All objects look very similar, so you could even make due to separating them into different entities, and have a way to differentiate them from the core entity base class.

In the end, you would have

enum ComponentClass{    ComponentClass_Context, // contextual info (what differentiate a 'rock' from a 'ship').    ComponentClass_Physics,    ComponentClass_Controller,    ComponentClass_SceneNode,    ComponentClass_Container,    ComponentClass_Script, // interface to script commands};class Component{   ComponentClass m_Class;};class Context: public Component{};class Physics: public Component{};class SceneNode: public Component // render information (model, anims, ...).{};class Container: public Component{};class Controller: public Component{};class Entity{    list<Component*> m_Components;    Component* getCompoment(ComponentClass component);};


There are many advantages, but also drawbacks. Making components talk to each other can be a pain (Physics would be interfaced by many components, notably the controller and SceneNode). but the advantages are not to be sniffed at. For example, when it comes to create objects from a script file, your EntityFactory and ComponentFactory are just script processors. Also, you can control the functionality of your objects via script commands through the controller component. It adds a lot of flexibility. You could have a talking rock for example :)

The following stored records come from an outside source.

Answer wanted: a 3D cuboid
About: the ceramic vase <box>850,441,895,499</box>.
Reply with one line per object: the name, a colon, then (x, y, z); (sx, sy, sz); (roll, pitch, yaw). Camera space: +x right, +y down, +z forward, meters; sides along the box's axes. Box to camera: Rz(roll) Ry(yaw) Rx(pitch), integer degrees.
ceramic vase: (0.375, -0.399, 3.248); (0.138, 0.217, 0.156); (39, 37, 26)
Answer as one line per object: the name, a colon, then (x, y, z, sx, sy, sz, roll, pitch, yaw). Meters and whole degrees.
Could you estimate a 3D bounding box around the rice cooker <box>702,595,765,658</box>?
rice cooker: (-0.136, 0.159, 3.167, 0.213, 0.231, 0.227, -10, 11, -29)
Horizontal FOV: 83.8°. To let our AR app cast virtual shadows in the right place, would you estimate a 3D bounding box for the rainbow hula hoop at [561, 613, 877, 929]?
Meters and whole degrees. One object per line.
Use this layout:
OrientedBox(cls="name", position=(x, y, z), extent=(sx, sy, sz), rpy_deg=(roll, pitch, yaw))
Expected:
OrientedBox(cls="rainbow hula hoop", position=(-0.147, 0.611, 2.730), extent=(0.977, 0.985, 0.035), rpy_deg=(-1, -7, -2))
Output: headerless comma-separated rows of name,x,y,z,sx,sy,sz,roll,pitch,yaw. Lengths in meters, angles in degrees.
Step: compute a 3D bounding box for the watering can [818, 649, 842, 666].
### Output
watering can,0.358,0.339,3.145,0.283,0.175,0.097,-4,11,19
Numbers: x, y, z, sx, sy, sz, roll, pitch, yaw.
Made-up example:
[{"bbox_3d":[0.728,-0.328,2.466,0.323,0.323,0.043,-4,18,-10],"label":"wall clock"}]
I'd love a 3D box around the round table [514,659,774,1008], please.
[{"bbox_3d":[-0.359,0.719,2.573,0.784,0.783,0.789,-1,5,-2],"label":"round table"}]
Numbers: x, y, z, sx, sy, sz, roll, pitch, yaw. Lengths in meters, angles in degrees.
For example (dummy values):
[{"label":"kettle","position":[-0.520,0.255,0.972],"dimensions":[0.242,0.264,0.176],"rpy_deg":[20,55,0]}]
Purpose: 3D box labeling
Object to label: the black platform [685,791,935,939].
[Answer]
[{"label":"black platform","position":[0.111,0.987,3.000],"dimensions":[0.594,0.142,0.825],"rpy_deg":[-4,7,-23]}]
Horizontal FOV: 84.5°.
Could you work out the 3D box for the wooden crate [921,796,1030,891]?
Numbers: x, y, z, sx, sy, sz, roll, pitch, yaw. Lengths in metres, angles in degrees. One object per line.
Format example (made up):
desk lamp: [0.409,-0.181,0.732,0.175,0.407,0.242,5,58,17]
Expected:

As for coding, it's great for re-factoring and re-using code. Some with more experience will chime in and correct me.

Everything is better with Metal.

Thanks, thats really helpful
I came on here because I have a very similar, if not identical problem.

I had the same idea (basically)

1 class called object, that has 4 purely virtual classes, living, physical, interactive and controllable.

the idea being that there are NPCs, which would inherit living, interactive and physical, the player would be living,physical and controllable. A health pack would be physical and interactive; A vehicle would be physical, interactive and controllable; etc.

All 4 virtual classes, that all more complex classes inherit the object class. The only reason it really exists is so that all the objects can be casted to a plain object and stored in the same array. Then when they are looped through, it could check each class to see if it was living or physical or interactive or controllable. If it was any of those, go through and run it's specific code.

Since the 4 base classes are virtual, every person type or player or vehicle would need to implement the inherited funcitions, so each living thing (for example) could check to see if it should interact with a health pack. A person interacts with a person differnetly that a person interacts with a health pack.

But, I'm starting to think that I should have an array of each of the base classes. So if a person is interactive, physical and living, a pointer of that class would be passed to each of the arrays. Since the pointer in each one would be referencing the origional class, it would be coherent.

There could be another object that assigns an id number to each object created, so when a person needs to be removed from the game/engine, it would go through each array, deleting any classes with the matching id number and the delete the origional class.

Coming on here and reading this thread and then writing out what I want to be able to do has helped me so much. Now to go see if I can make this work.